[Saved data entries]
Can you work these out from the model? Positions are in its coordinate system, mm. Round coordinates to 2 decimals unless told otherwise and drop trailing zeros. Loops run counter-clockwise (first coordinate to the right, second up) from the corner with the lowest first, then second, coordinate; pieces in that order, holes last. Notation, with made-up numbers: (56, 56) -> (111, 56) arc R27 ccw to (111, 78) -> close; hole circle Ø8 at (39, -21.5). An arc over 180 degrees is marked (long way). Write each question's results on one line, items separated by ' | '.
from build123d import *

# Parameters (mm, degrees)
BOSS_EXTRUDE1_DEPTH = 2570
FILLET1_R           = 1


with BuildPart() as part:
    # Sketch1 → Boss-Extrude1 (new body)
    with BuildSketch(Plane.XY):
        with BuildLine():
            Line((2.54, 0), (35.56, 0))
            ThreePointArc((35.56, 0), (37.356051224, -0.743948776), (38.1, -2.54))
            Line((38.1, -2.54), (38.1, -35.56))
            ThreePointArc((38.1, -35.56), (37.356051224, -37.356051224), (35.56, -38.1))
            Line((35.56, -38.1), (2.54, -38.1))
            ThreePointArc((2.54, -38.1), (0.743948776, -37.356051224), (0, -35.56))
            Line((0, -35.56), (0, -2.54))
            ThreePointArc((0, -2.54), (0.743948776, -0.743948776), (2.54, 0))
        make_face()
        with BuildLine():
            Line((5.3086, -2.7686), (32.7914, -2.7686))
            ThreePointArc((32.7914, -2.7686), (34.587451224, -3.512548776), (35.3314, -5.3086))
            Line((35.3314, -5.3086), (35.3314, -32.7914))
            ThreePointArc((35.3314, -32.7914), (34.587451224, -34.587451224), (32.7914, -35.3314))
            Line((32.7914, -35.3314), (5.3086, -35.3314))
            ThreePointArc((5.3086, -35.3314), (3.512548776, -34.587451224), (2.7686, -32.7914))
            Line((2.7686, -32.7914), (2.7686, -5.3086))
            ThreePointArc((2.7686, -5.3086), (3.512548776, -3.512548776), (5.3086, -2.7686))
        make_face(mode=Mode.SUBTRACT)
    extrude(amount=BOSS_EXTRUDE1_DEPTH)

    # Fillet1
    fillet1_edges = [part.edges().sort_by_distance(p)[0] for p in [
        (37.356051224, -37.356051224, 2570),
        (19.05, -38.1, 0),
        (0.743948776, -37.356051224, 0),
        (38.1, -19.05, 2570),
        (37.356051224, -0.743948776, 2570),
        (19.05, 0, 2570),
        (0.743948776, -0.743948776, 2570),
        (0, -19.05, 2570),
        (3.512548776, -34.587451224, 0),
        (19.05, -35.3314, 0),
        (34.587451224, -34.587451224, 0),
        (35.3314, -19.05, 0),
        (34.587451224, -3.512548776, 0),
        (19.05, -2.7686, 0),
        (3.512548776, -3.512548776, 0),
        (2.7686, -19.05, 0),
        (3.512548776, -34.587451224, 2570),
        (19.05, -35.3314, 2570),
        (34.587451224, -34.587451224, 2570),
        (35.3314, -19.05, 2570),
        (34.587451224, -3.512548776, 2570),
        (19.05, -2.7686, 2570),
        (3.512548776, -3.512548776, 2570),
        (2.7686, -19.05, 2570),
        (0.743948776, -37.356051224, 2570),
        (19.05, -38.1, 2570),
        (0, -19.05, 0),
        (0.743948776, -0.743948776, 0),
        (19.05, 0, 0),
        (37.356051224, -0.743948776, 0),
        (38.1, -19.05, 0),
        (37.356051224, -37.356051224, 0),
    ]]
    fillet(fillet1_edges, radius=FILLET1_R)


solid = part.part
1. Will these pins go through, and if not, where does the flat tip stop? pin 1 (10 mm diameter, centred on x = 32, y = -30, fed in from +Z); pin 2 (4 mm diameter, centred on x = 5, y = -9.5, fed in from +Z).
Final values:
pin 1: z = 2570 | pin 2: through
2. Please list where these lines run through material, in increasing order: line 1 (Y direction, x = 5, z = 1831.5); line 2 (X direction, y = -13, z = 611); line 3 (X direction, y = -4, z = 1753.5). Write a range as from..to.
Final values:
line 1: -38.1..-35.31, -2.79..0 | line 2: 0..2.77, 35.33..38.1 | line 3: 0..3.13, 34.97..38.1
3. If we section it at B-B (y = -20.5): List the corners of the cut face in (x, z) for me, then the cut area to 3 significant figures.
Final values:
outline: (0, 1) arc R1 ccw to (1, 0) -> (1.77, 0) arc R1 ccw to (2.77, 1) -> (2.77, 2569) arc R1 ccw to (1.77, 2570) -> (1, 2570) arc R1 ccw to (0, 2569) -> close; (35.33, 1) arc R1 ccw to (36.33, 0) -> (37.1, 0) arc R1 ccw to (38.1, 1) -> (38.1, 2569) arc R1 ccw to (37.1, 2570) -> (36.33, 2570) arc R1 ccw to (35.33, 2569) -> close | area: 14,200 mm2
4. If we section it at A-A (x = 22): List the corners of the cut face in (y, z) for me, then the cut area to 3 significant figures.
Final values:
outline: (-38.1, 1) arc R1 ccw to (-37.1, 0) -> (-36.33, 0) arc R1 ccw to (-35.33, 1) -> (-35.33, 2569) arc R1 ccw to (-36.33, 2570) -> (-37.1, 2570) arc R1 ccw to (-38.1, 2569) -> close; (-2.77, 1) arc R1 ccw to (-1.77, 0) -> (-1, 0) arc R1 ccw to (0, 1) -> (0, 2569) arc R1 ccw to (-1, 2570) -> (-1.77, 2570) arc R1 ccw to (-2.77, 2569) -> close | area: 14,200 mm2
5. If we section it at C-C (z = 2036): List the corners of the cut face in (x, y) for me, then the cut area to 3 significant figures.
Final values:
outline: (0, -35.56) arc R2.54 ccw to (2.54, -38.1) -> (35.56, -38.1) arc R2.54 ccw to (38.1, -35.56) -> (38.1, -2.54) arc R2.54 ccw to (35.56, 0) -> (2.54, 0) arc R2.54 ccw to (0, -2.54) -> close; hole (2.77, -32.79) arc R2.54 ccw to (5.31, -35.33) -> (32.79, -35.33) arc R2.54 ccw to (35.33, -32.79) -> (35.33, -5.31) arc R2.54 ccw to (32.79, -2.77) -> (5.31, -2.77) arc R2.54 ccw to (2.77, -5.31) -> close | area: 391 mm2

--

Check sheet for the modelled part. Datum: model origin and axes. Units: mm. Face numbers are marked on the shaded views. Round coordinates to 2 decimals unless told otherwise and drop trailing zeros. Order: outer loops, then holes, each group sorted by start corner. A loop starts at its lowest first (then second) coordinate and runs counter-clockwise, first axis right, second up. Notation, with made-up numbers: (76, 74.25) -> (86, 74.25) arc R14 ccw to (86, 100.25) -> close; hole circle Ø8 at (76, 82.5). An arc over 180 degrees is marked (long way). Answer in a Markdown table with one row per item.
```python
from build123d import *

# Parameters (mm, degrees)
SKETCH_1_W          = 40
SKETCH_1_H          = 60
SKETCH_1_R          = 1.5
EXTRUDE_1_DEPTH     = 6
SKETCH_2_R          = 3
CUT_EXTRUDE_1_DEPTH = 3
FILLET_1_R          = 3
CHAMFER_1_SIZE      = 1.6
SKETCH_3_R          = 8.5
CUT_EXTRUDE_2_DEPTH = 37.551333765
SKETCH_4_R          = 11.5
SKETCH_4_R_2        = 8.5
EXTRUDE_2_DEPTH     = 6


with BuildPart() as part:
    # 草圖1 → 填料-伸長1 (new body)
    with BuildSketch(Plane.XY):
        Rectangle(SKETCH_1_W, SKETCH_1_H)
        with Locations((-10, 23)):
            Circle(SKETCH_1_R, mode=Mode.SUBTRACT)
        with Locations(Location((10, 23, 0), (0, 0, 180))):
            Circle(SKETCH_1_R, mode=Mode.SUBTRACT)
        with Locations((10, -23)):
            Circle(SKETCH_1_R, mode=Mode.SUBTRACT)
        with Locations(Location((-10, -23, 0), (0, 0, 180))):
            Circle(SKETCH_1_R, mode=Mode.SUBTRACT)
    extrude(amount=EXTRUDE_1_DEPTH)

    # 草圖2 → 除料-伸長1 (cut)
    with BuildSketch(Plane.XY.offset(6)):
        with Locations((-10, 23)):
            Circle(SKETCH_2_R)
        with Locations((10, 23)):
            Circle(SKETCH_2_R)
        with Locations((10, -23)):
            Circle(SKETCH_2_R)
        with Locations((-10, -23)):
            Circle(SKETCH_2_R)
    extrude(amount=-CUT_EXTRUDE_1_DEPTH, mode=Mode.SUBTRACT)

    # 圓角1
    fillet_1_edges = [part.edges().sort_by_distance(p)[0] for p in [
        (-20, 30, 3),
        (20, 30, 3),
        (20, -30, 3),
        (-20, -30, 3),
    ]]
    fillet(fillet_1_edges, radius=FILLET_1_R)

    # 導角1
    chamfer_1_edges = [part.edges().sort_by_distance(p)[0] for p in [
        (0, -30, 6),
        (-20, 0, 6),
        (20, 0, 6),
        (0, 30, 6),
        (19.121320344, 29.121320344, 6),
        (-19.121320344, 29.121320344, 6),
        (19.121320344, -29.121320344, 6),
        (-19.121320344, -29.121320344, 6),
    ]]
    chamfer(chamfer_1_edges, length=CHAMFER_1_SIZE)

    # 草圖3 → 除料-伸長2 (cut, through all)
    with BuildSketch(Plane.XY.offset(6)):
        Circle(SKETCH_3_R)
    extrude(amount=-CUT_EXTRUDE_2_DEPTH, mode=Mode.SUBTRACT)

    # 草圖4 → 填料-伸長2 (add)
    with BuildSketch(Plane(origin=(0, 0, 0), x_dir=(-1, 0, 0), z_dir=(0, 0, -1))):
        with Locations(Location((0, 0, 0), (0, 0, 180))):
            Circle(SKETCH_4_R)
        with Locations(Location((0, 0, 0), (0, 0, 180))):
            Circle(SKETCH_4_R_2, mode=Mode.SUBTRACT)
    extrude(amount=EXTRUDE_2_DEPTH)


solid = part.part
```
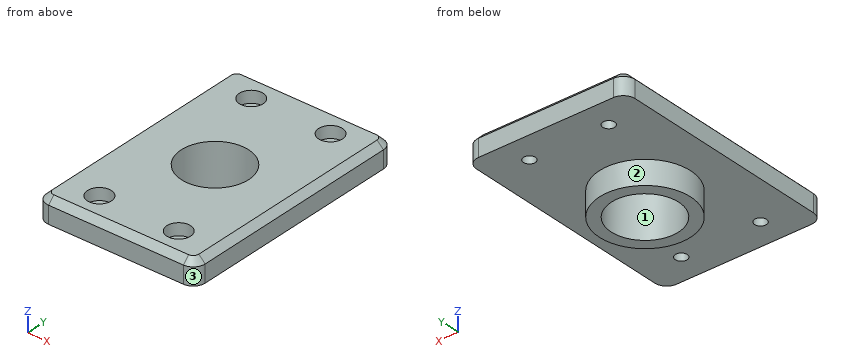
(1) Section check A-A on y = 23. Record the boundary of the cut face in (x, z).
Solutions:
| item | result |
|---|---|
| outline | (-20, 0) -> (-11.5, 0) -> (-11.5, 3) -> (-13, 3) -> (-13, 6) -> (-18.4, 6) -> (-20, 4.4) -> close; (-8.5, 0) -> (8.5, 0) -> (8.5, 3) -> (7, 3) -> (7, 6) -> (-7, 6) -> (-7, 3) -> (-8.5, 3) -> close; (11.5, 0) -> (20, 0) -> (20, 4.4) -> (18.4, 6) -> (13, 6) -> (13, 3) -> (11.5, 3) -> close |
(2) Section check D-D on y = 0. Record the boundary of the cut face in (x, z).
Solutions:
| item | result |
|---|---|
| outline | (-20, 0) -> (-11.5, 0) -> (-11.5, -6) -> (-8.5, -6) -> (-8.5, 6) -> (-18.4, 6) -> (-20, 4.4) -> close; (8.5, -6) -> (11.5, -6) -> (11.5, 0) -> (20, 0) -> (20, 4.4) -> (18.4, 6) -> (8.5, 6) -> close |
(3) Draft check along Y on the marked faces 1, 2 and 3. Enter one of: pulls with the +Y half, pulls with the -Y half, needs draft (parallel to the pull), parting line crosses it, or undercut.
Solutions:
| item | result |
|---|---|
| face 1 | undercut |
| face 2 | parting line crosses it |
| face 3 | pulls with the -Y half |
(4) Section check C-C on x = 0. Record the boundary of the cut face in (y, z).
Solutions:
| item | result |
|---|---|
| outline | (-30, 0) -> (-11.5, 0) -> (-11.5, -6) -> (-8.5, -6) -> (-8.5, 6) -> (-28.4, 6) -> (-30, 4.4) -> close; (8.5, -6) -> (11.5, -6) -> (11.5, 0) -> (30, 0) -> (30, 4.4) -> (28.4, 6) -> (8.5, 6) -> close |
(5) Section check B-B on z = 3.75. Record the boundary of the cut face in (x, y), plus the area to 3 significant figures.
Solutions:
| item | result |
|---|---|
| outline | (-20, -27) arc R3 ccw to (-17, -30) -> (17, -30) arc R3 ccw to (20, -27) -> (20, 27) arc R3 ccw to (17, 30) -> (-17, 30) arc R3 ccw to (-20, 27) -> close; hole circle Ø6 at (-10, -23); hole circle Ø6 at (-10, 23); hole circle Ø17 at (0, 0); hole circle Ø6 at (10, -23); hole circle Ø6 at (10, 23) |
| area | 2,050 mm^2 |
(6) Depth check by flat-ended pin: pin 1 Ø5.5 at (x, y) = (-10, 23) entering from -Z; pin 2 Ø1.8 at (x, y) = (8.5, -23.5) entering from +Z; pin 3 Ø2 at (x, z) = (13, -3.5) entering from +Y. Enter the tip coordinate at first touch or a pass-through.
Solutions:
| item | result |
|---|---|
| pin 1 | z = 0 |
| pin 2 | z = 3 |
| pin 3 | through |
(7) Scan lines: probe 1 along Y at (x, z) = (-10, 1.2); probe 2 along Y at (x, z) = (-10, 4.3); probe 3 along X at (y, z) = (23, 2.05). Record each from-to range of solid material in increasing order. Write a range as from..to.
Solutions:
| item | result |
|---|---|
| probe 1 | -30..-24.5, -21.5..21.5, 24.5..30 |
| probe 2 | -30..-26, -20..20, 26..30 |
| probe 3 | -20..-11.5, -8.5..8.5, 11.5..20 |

EXERCISE> The lines above, starting at the one with "Can you work" and ending at the one with "Line((5.3086, -2.7686), (32.7914, -2.7686))", are the only ones to return, exactly as written.

RESULT FOR THIS EXERCISE>
Can you work these out from the model? Positions are in its coordinate system, mm. Round coordinates to 2 decimals unless told otherwise and drop trailing zeros. Loops run counter-clockwise (first coordinate to the right, second up) from the corner with the lowest first, then second, coordinate; pieces in that order, holes last. Notation, with made-up numbers: (56, 56) -> (111, 56) arc R27 ccw to (111, 78) -> close; hole circle Ø8 at (39, -21.5). An arc over 180 degrees is marked (long way). Write each question's results on one line, items separated by ' | '.
from build123d import *

# Parameters (mm, degrees)
BOSS_EXTRUDE1_DEPTH = 2570
FILLET1_R           = 1


with BuildPart() as part:
    # Sketch1 → Boss-Extrude1 (new body)
    with BuildSketch(Plane.XY):
        with BuildLine():
            Line((2.54, 0), (35.56, 0))
            ThreePointArc((35.56, 0), (37.356051224, -0.743948776), (38.1, -2.54))
            Line((38.1, -2.54), (38.1, -35.56))
            ThreePointArc((38.1, -35.56), (37.356051224, -37.356051224), (35.56, -38.1))
            Line((35.56, -38.1), (2.54, -38.1))
            ThreePointArc((2.54, -38.1), (0.743948776, -37.356051224), (0, -35.56))
            Line((0, -35.56), (0, -2.54))
            ThreePointArc((0, -2.54), (0.743948776, -0.743948776), (2.54, 0))
        make_face()
        with BuildLine():
            Line((5.3086, -2.7686), (32.7914, -2.7686))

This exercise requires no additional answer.